The HASHTAG project I. A Survey of CO(3-2) Emission from the Star Forming Disc of M31

TL;DR

This survey of CO(3-2) emission in M31's disc reveals how the line ratio varies with galactic radius, dust temperature, and star formation, providing insights into the molecular gas conditions in different galactic regions.

Contribution

First comprehensive CO(3-2) survey of M31's disc, linking molecular line ratios with dust temperature and star formation activity across multiple galactic regions.

Findings

R31 ratio varies from 0.14 to 0.27 across M31's disc.

R31 positively correlates with dust temperature (ρ=0.55).

CO(3-2) intensity strongly correlates with star formation rate surface density (ρ=0.54).

Abstract

We present a CO(3-2) survey of selected regions in the M31 disc as part of the JCMT large programme, HARP and SCUBA-2 High-Resolution Terahertz Andromeda Galaxy Survey (HASHTAG). The 12 CO(3-2) fields in this survey cover a total area of 60 square arcminutes, spanning a deprojected radial range of 2 - 14 kpc across the M31 disc.

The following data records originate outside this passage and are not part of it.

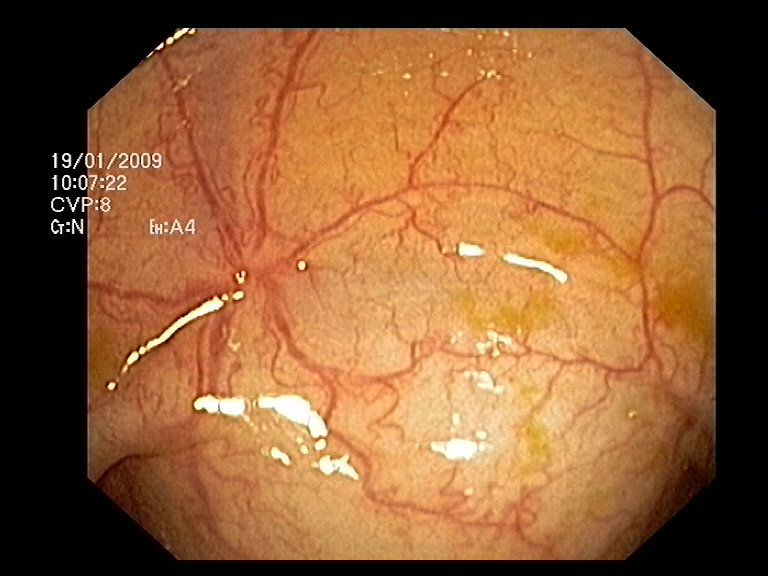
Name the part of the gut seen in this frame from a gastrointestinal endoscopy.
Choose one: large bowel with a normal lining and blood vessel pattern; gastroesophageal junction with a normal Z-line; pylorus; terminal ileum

large bowel with a normal lining and blood vessel pattern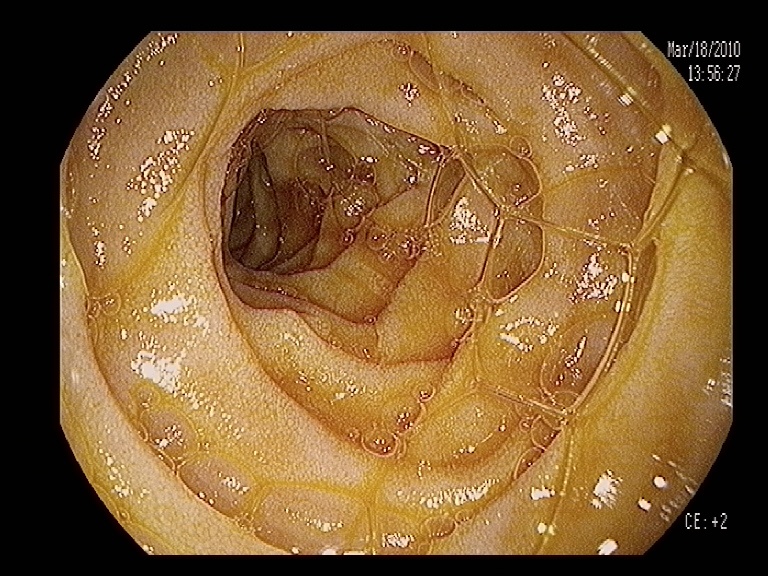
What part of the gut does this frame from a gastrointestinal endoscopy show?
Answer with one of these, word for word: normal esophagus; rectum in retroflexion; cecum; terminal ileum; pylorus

terminal ileum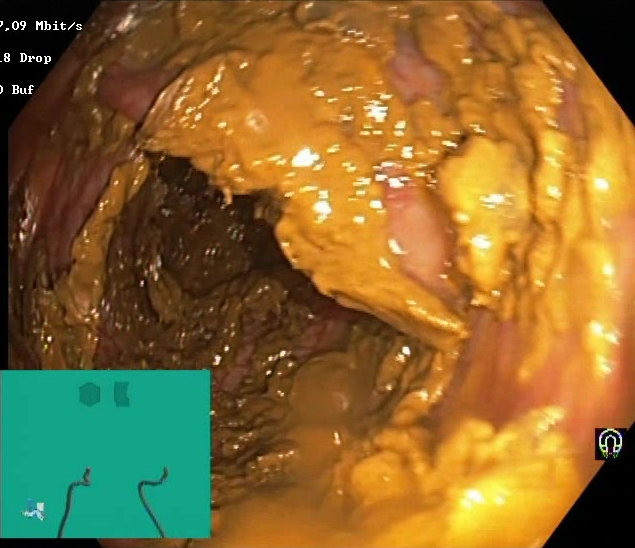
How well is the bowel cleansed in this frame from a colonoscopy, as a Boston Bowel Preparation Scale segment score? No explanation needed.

Boston Bowel Preparation Scale score 0–1 (inadequate preparation)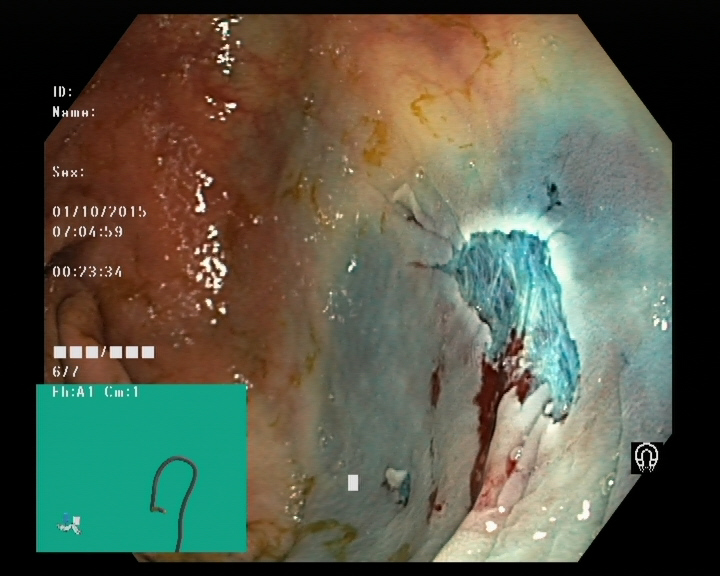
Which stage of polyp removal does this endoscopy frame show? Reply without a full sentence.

dyed resection margin (post-polypectomy)

Combining these observations with existing IRAM 30m CO(1-0) observations and JCMT CO(3-2) maps of the nuclear region of M31, as well as dust temperature and star formation rate surface density maps, we are able to explore the radial distribution of the CO(3-2)/CO(1-0) integrated intensity ratio (R31) and its relationship with dust temperature and star formation. We find that the value of R31 between 2 - 9 kpc galactocentric radius is 0.14, significantly lower than what is seen in the nuclear ring at ~1 kpc (R31 ~ 0.8), only to rise again to 0.27 for the fields centred on the 10 kpc star forming ring. We also found that R31 is positively correlated with dust temperature, with Spearman's rank correlation coefficient $\rho$ = 0.55. The correlation between star formation rate surface density and CO(3--2) intensity is much stronger than with CO(1-0), with $\rho$ = 0.54 compared to -0.05, suggesting that the CO(3-2) line traces warmer and denser star forming gas better. We also find that R31 correlates well with star formation rate surface density, with $\rho$ = 0.69.